What needs to be done →
Only the lines from the one with "Write the answer" through the final line below belong in the answer, copied exactly and without pictures.

Data for the task →
━━━━
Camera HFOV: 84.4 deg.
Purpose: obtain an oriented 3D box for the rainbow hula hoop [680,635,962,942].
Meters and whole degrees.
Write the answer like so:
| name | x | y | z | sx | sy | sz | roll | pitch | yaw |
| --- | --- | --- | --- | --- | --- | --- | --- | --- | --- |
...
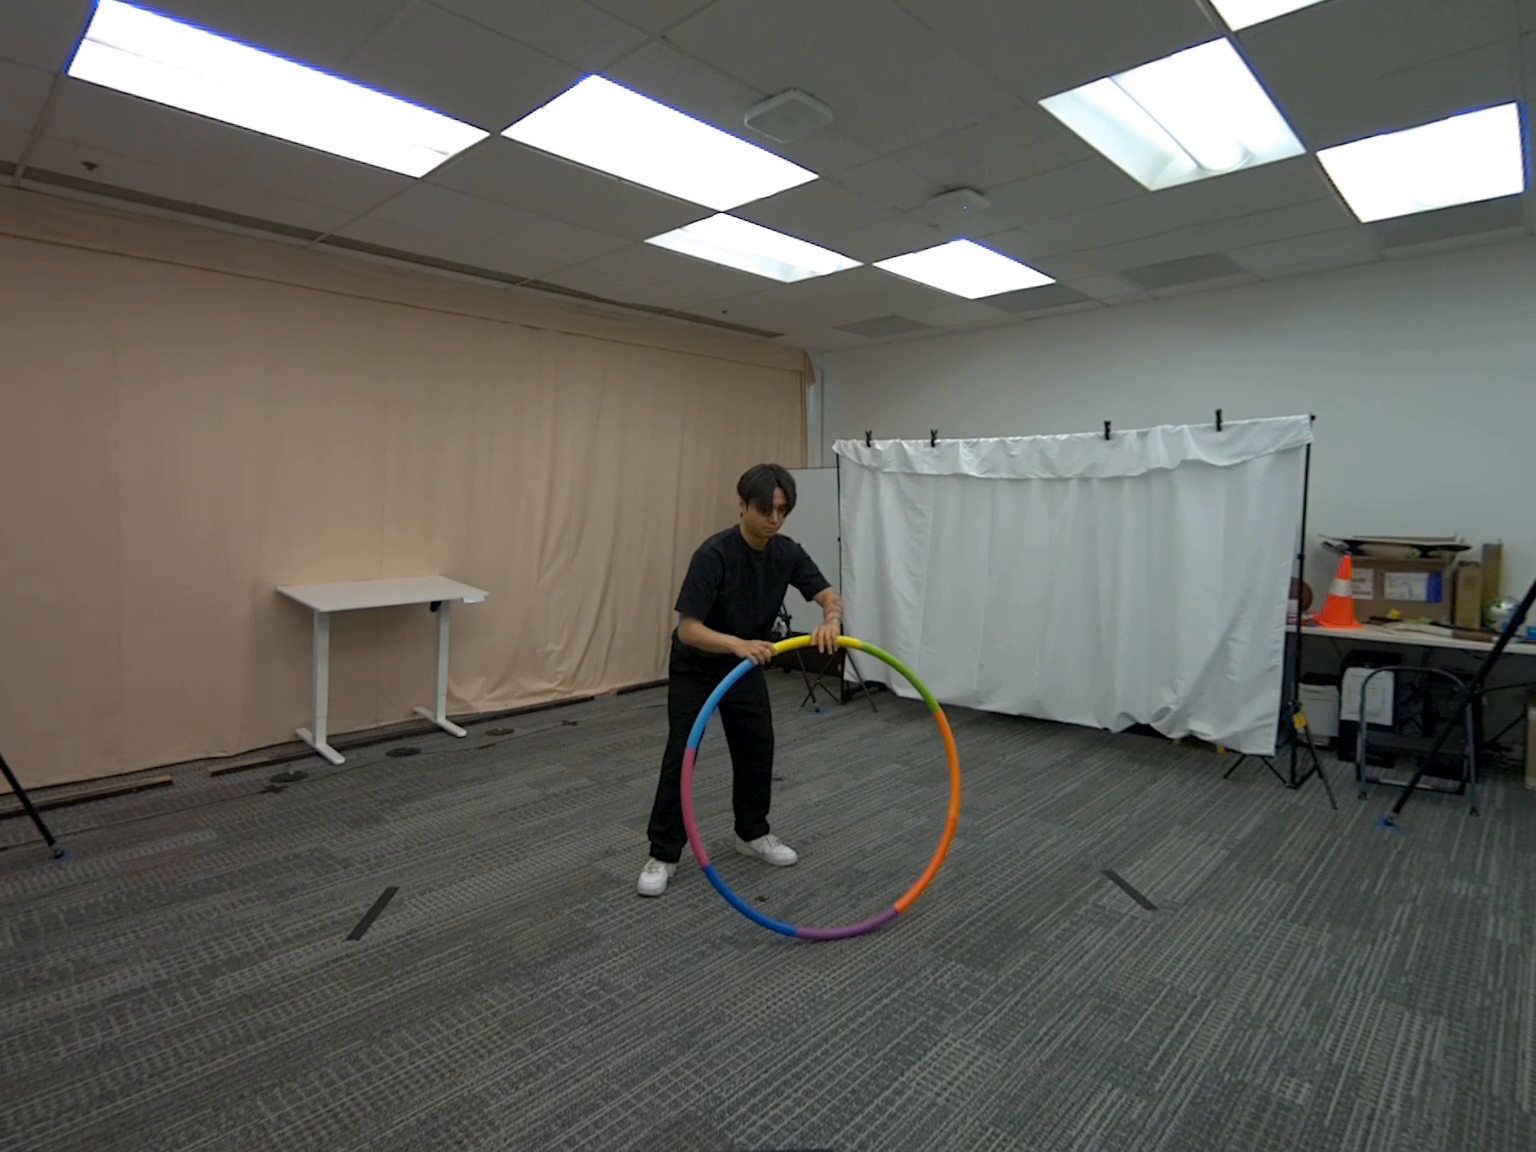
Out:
| name | x | y | z | sx | sy | sz | roll | pitch | yaw |
| --- | --- | --- | --- | --- | --- | --- | --- | --- | --- |
| rainbow hula hoop | 0.208 | 0.686 | 2.771 | 0.960 | 0.984 | 0.036 | -2 | -8 | -18 |
━━━━
Solution for this task →
Write the answer like so:
| name | x | y | z | sx | sy | sz | roll | pitch | yaw |
| --- | --- | --- | --- | --- | --- | --- | --- | --- | --- |
...
Out:
| name | x | y | z | sx | sy | sz | roll | pitch | yaw |
| --- | --- | --- | --- | --- | --- | --- | --- | --- | --- |
| rainbow hula hoop | 0.208 | 0.686 | 2.771 | 0.960 | 0.984 | 0.036 | -2 | -8 | -18 |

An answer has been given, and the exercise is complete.